■ PROBLEM DETAILS
The line containing "Locate the element" marks the start; repeat it and every following line exactly through the end of the entries.

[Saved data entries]
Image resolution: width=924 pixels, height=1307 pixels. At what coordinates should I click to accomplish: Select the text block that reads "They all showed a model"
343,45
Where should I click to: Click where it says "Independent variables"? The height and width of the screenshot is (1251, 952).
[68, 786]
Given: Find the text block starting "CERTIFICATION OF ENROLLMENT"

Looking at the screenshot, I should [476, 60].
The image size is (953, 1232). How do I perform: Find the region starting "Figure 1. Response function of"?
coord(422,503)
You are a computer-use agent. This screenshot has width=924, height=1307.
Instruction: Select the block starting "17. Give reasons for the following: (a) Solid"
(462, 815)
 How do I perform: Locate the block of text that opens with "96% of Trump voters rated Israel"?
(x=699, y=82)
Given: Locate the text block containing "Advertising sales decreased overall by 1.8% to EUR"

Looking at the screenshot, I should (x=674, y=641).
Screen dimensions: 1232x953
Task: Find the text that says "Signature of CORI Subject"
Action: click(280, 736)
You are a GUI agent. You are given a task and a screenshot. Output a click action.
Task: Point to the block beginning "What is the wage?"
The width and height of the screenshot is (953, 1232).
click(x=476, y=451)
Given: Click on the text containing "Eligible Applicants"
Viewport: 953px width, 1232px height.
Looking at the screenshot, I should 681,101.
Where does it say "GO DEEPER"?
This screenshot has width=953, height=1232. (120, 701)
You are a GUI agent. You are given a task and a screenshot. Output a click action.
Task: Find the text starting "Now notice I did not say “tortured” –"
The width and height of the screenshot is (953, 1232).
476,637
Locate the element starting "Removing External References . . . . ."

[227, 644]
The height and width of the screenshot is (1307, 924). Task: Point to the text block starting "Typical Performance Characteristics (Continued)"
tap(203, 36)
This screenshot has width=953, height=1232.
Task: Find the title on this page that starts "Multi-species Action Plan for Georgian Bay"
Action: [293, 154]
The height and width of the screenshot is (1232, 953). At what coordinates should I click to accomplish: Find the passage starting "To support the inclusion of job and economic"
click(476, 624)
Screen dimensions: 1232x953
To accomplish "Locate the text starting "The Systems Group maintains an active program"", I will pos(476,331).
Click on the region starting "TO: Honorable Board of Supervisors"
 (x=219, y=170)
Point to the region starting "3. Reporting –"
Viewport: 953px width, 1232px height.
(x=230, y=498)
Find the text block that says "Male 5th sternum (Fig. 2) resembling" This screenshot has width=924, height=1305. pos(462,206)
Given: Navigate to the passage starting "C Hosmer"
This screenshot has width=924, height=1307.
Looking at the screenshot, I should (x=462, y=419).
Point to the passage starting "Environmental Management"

■ SOLUTION FOR THIS EXERCISE
Locate the element starting "Removing External References . . . . ."

[227, 644]
The height and width of the screenshot is (1307, 924). Task: Point to the text block starting "Typical Performance Characteristics (Continued)"
tap(203, 36)
This screenshot has width=953, height=1232.
Task: Find the title on this page that starts "Multi-species Action Plan for Georgian Bay"
Action: [293, 154]
The height and width of the screenshot is (1232, 953). At what coordinates should I click to accomplish: Find the passage starting "To support the inclusion of job and economic"
click(476, 624)
Screen dimensions: 1232x953
To accomplish "Locate the text starting "The Systems Group maintains an active program"", I will pos(476,331).
Click on the region starting "TO: Honorable Board of Supervisors"
 (x=219, y=170)
Point to the region starting "3. Reporting –"
Viewport: 953px width, 1232px height.
(x=230, y=498)
Find the text block that says "Male 5th sternum (Fig. 2) resembling" This screenshot has width=924, height=1305. pos(462,206)
Given: Navigate to the passage starting "C Hosmer"
This screenshot has width=924, height=1307.
Looking at the screenshot, I should (x=462, y=419).
Point to the passage starting "Environmental Management"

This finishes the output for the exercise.